Before every door
there were dragoons drinking and singing round the tables, and some
were dancing with the girls of the village. Some of them shouted at
us when they saw we were coming from Paris, and called us runaway
rebels; but Eustace showed his pass, told them what it was, for they
could not read, and desired their officer to be fetched. He came out
of the priest's house, and was very civil. He said Colonel de
Solivet had desired that all assistance should be given to us, but
that we had not been expected so soon. He really did not know where
to quarter the lady or the mules, and he advised us to go on another
league, while he dispatched an orderly with the intelligence to the
colonel.
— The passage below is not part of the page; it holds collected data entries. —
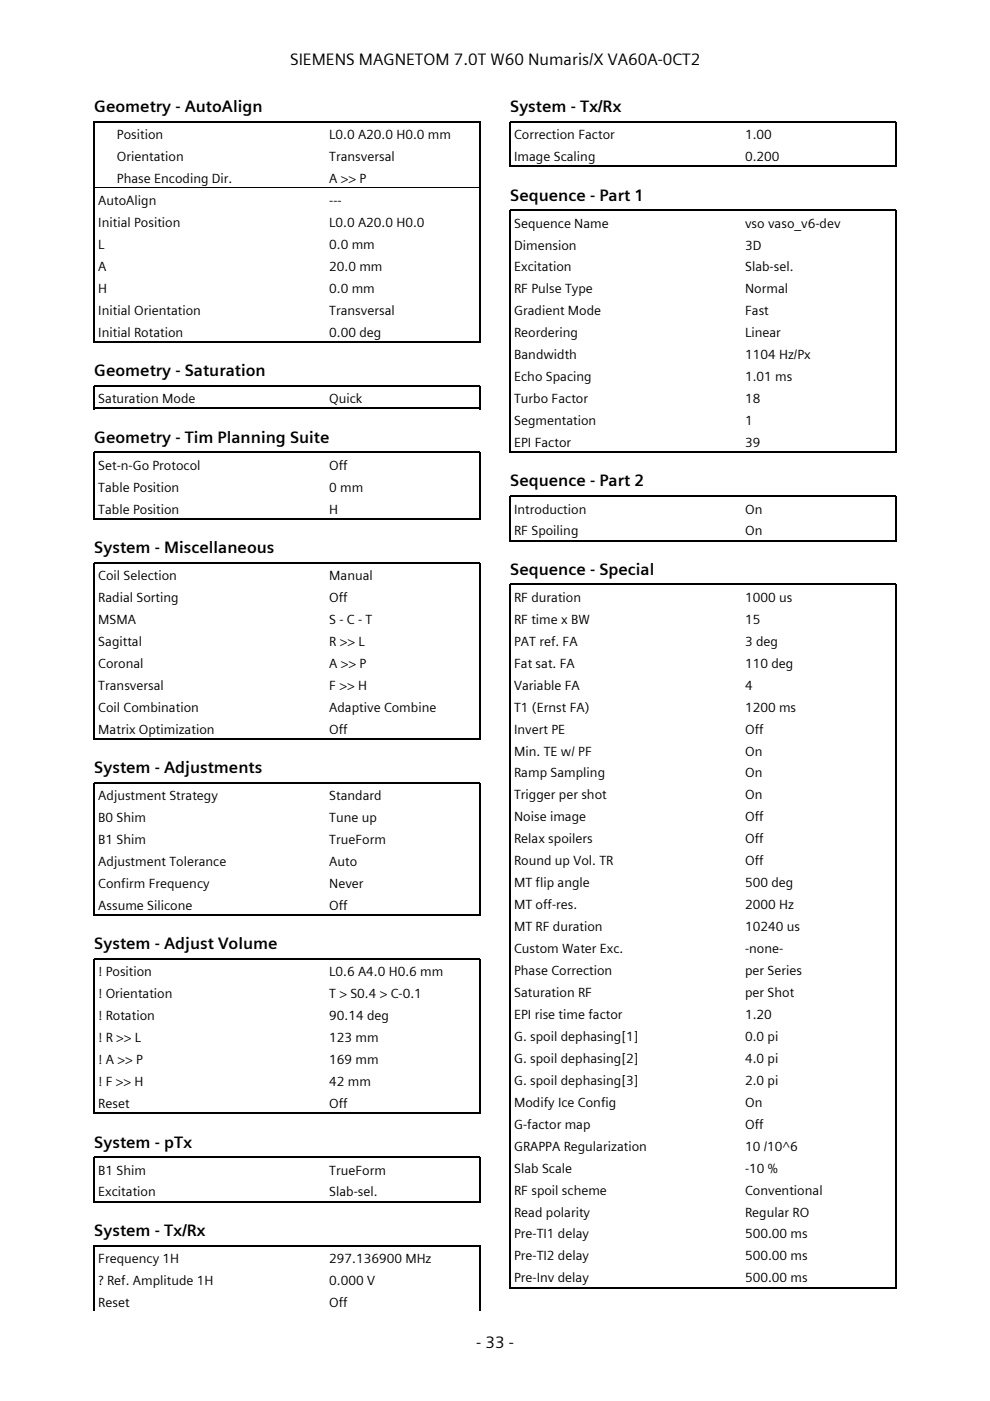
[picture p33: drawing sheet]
<svg xmlns="http://www.w3.org/2000/svg" width="210mm" height="297mm" viewBox="0 0 210 297" stroke-linecap="round" stroke-linejoin="round" font-family="sans-serif">
<defs><g id="words">
<g font-size="3.5">
<text x="61.5" y="13.8">SIEMENS MAGNETOM 7.0T W60 Numaris/X VA60A-0CT2</text>
<text x="20" y="23.8">Geometry - AutoAlign</text>
<text x="108.2" y="23.8">System - Tx/Rx</text>
<text x="108.2" y="42.5">Sequence - Part 1</text>
<text x="20" y="79.8">Geometry - Saturation</text>
<text x="20" y="93.9">Geometry - Tim Planning Suite</text>
<text x="108.2" y="103.1">Sequence - Part 2</text>
<text x="20" y="117.3">System - Miscellaneous</text>
<text x="108.2" y="121.9">Sequence - Special</text>
<text x="20" y="163.9">System - Adjustments</text>
<text x="20" y="201.3">System - Adjust Volume</text>
<text x="20" y="243.3">System - pTx</text>
<text x="20" y="262">System - Tx/Rx</text>
<text x="101" y="285.8">- 33 -</text>
</g>
<g font-size="2.8">
<text x="24.8" y="29.5">Position</text>
<text x="69.8" y="29.5">L0.0 A20.0 H0.0 mm</text>
<text x="109" y="29.5">Correction Factor</text>
<text x="158" y="29.5">1.00</text>
<text x="24.8" y="34.2">Orientation</text>
<text x="69.8" y="34.2">Transversal</text>
<text x="109" y="34.2">Image Scaling</text>
<text x="158" y="34.2">0.200</text>
<text x="24.8" y="38.8">Phase Encoding Dir.</text>
<text x="69.8" y="38.8">A &gt;&gt; P</text>
<text x="20.8" y="43.5">AutoAlign</text>
<text x="69.8" y="43.5">---</text>
<text x="20.8" y="48.2">Initial Position</text>
<text x="20.8" y="52.8">L</text>
<text x="69.8" y="48.2">L0.0 A20.0 H0.0</text>
<text x="69.8" y="52.8">0.0 mm</text>
<text x="109" y="48.2">Sequence Name</text>
<text x="109" y="52.9">Dimension</text>
<text x="158" y="48.2">vso vaso_v6-dev</text>
<text x="158" y="52.9">3D</text>
<text x="20.8" y="57.5">A</text>
<text x="69.8" y="57.5">20.0 mm</text>
<text x="109" y="57.6">Excitation</text>
<text x="158" y="57.6">Slab-sel.</text>
<text x="20.8" y="62.1">H</text>
<text x="69.8" y="62.1">0.0 mm</text>
<text x="109" y="62.2">RF Pulse Type</text>
<text x="158" y="62.2">Normal</text>
<text x="20.8" y="66.8">Initial Orientation</text>
<text x="20.8" y="71.4">Initial Rotation</text>
<text x="69.8" y="66.8">Transversal</text>
<text x="69.8" y="71.4">0.00 deg</text>
<text x="109" y="66.9">Gradient Mode</text>
<text x="109" y="71.5">Reordering</text>
<text x="158" y="66.9">Fast</text>
<text x="158" y="71.5">Linear</text>
<text x="109" y="76.2">Bandwidth</text>
<text x="158" y="76.2">1104 Hz/Px</text>
<text x="109" y="80.8">Echo Spacing</text>
<text x="158" y="80.8">1.01 ms</text>
<text x="20.8" y="85.5">Saturation Mode</text>
<text x="69.8" y="85.5">Quick</text>
<text x="109" y="85.5">Turbo Factor</text>
<text x="158" y="85.5">18</text>
<text x="109" y="90.1">Segmentation</text>
<text x="109" y="94.8">EPI Factor</text>
<text x="158" y="90.1">1</text>
<text x="158" y="94.8">39</text>
<text x="20.8" y="99.6">Set-n-Go Protocol</text>
<text x="69.8" y="99.6">Off</text>
<text x="20.8" y="104.3">Table Position</text>
<text x="69.8" y="104.3">0 mm</text>
<text x="20.8" y="108.9">Table Position</text>
<text x="69.8" y="108.9">H</text>
<text x="109" y="108.9">Introduction</text>
<text x="109" y="113.5">RF Spoiling</text>
<text x="158" y="108.9">On</text>
<text x="158" y="113.5">On</text>
<text x="20.8" y="123">Coil Selection</text>
<text x="69.8" y="123">Manual</text>
<text x="20.8" y="127.6">Radial Sorting</text>
<text x="69.8" y="127.6">Off</text>
<text x="109" y="127.6">RF duration</text>
<text x="158" y="127.6">1000 us</text>
<text x="20.8" y="132.3">MSMA</text>
<text x="20.8" y="137">Sagittal</text>
<text x="69.8" y="132.3">S - C - T</text>
<text x="69.8" y="137">R &gt;&gt; L</text>
<text x="109" y="132.3">RF time x BW</text>
<text x="109" y="136.9">PAT ref. FA</text>
<text x="158" y="132.3">15</text>
<text x="158" y="136.9">3 deg</text>
<text x="20.8" y="141.6">Coronal</text>
<text x="69.8" y="141.6">A &gt;&gt; P</text>
<text x="109" y="141.6">Fat sat. FA</text>
<text x="158" y="141.6">110 deg</text>
<text x="20.8" y="146.3">Transversal</text>
<text x="69.8" y="146.3">F &gt;&gt; H</text>
<text x="109" y="146.2">Variable FA</text>
<text x="158" y="146.2">4</text>
<text x="20.8" y="150.9">Coil Combination</text>
<text x="20.8" y="155.6">Matrix Optimization</text>
<text x="69.8" y="150.9">Adaptive Combine</text>
<text x="69.8" y="155.6">Off</text>
<text x="109" y="150.9">T1 (Ernst FA)</text>
<text x="109" y="155.5">Invert PE</text>
<text x="158" y="150.9">1200 ms</text>
<text x="158" y="155.5">Off</text>
<text x="109" y="160.2">Min. TE w/ PF</text>
<text x="158" y="160.2">On</text>
<text x="109" y="164.8">Ramp Sampling</text>
<text x="158" y="164.8">On</text>
<text x="20.8" y="169.7">Adjustment Strategy</text>
<text x="69.8" y="169.7">Standard</text>
<text x="109" y="169.5">Trigger per shot</text>
<text x="158" y="169.5">On</text>
<text x="20.8" y="174.3">B0 Shim</text>
<text x="20.8" y="179">B1 Shim</text>
<text x="69.8" y="174.3">Tune up</text>
<text x="69.8" y="179">TrueForm</text>
<text x="109" y="174.2">Noise image</text>
<text x="109" y="178.8">Relax spoilers</text>
<text x="158" y="174.2">Off</text>
<text x="158" y="178.8">Off</text>
<text x="20.8" y="183.6">Adjustment Tolerance</text>
<text x="69.8" y="183.6">Auto</text>
<text x="109" y="183.4">Round up Vol. TR</text>
<text x="158" y="183.4">Off</text>
<text x="20.8" y="188.3">Confirm Frequency</text>
<text x="69.8" y="188.3">Never</text>
<text x="109" y="188.1">MT flip angle</text>
<text x="158" y="188.1">500 deg</text>
<text x="20.8" y="192.9">Assume Silicone</text>
<text x="69.8" y="192.9">Off</text>
<text x="109" y="192.8">MT off-res.</text>
<text x="109" y="197.4">MT RF duration</text>
<text x="158" y="192.8">2000 Hz</text>
<text x="158" y="197.4">10240 us</text>
<text x="109" y="202.1">Custom Water Exc.</text>
<text x="158" y="202.1">-none-</text>
<text x="20.8" y="207">! Position</text>
<text x="69.8" y="207">L0.6 A4.0 H0.6 mm</text>
<text x="109" y="206.7">Phase Correction</text>
<text x="158" y="206.7">per Series</text>
<text x="20.8" y="211.7">! Orientation</text>
<text x="69.8" y="211.7">T &gt; S0.4 &gt; C-0.1</text>
<text x="109" y="211.4">Saturation RF</text>
<text x="158" y="211.4">per Shot</text>
<text x="20.8" y="216.3">! Rotation</text>
<text x="20.8" y="221">! R &gt;&gt; L</text>
<text x="69.8" y="216.3">90.14 deg</text>
<text x="69.8" y="221">123 mm</text>
<text x="109" y="216">EPI rise time factor</text>
<text x="109" y="220.7">G. spoil dephasing[1]</text>
<text x="158" y="216">1.20</text>
<text x="158" y="220.7">0.0 pi</text>
<text x="20.8" y="225.6">! A &gt;&gt; P</text>
<text x="69.8" y="225.6">169 mm</text>
<text x="109" y="225.3">G. spoil dephasing[2]</text>
<text x="158" y="225.3">4.0 pi</text>
<text x="20.8" y="230.3">! F &gt;&gt; H</text>
<text x="69.8" y="230.3">42 mm</text>
<text x="109" y="230">G. spoil dephasing[3]</text>
<text x="158" y="230">2.0 pi</text>
<text x="20.8" y="234.9">Reset</text>
<text x="69.8" y="234.9">Off</text>
<text x="109" y="234.7">Modify Ice Config</text>
<text x="109" y="239.3">G-factor map</text>
<text x="158" y="234.7">On</text>
<text x="158" y="239.3">Off</text>
<text x="109" y="244">GRAPPA Regularization</text>
<text x="158" y="244">10 /10^6</text>
<text x="20.8" y="249">B1 Shim</text>
<text x="69.8" y="249">TrueForm</text>
<text x="109" y="248.6">Slab Scale</text>
<text x="158" y="248.6">-10 %</text>
<text x="20.8" y="253.7">Excitation</text>
<text x="69.8" y="253.7">Slab-sel.</text>
<text x="109" y="253.3">RF spoil scheme</text>
<text x="109" y="257.9">Read polarity</text>
<text x="158" y="253.3">Conventional</text>
<text x="158" y="257.9">Regular RO</text>
<text x="109" y="262.6">Pre-TI1 delay</text>
<text x="158" y="262.6">500.00 ms</text>
<text x="20.8" y="267.8">Frequency 1H</text>
<text x="69.8" y="267.8">297.136900 MHz</text>
<text x="109" y="267.2">Pre-TI2 delay</text>
<text x="158" y="267.2">500.00 ms</text>
<text x="20.8" y="272.4">? Ref. Amplitude 1H</text>
<text x="69.8" y="272.4">0.000 V</text>
<text x="109" y="271.9">Pre-Inv delay</text>
<text x="158" y="271.9">500.00 ms</text>
<text x="20.8" y="277.1">Reset</text>
<text x="69.8" y="277.1">Off</text>
</g>
</g></defs>
<g fill="none" stroke="#000" stroke-width=".26">
<path d="M108.2 35.4v-9.6h81.8v9.6M108.3 35.3h81.6M20 72.7v-46.9h81.8v46.9M20.1 72.5h81.6M20 86.7v-4.9h81.8v4.9M20.1 86.6h81.6M108.2 96v-51.4h81.8v51.4M108.3 95.9h81.6M20 110.1v-14.2h81.8v14.2M20.1 110h81.6M108.2 114.8v-9.6h81.8v9.6M108.3 114.6h81.6"/>
<path d="M20 156.8v-37.5h81.8v37.5M20.1 156.7h81.6M20 194.2v-28.2h81.8v28.2M20.1 194h81.6M20 236.2v-32.9h81.8v32.9M20.1 236h81.6M20 254.9v-9.6h81.8v9.6M20.1 254.8h81.6M20 278v-13.9h81.8v13.9M108.2 273.1v-149.2h81.8v149.2M108.3 273h81.6"/>
</g>
<path d="M20.1 25.8h81.6M20.1 39.8h81.6" fill="none" stroke="#000" stroke-width=".21"/>
<use href="#words"/>
</svg>

There was nothing else to be done, though my brother, after
his sleepless night, was becoming much exhausted, in spite of the
wine we gave him, while as to the mules, they had an opinion of their
own, poor things, as to going on again, and after all sorts of
fiendish noises from the coachman, and furious lashings with his
whip, the dragoons pricked them with their swords, and at last they
rushed on at a gallop that I thought would have shaken Eustace to
death.
However, before we had gone very far Solivet rode out to meet us. It
was another cause of anxiety, although it was dusk, and he had
expected us to have slept at St. Denis and to have arrived the next
day, and he asked, what could have made us start so early, just as if
we had been criminals fleeing from justice; but he took us to the
chateau where he was quartered, and, though they were much crowded
there, the family tried to make us comfortable.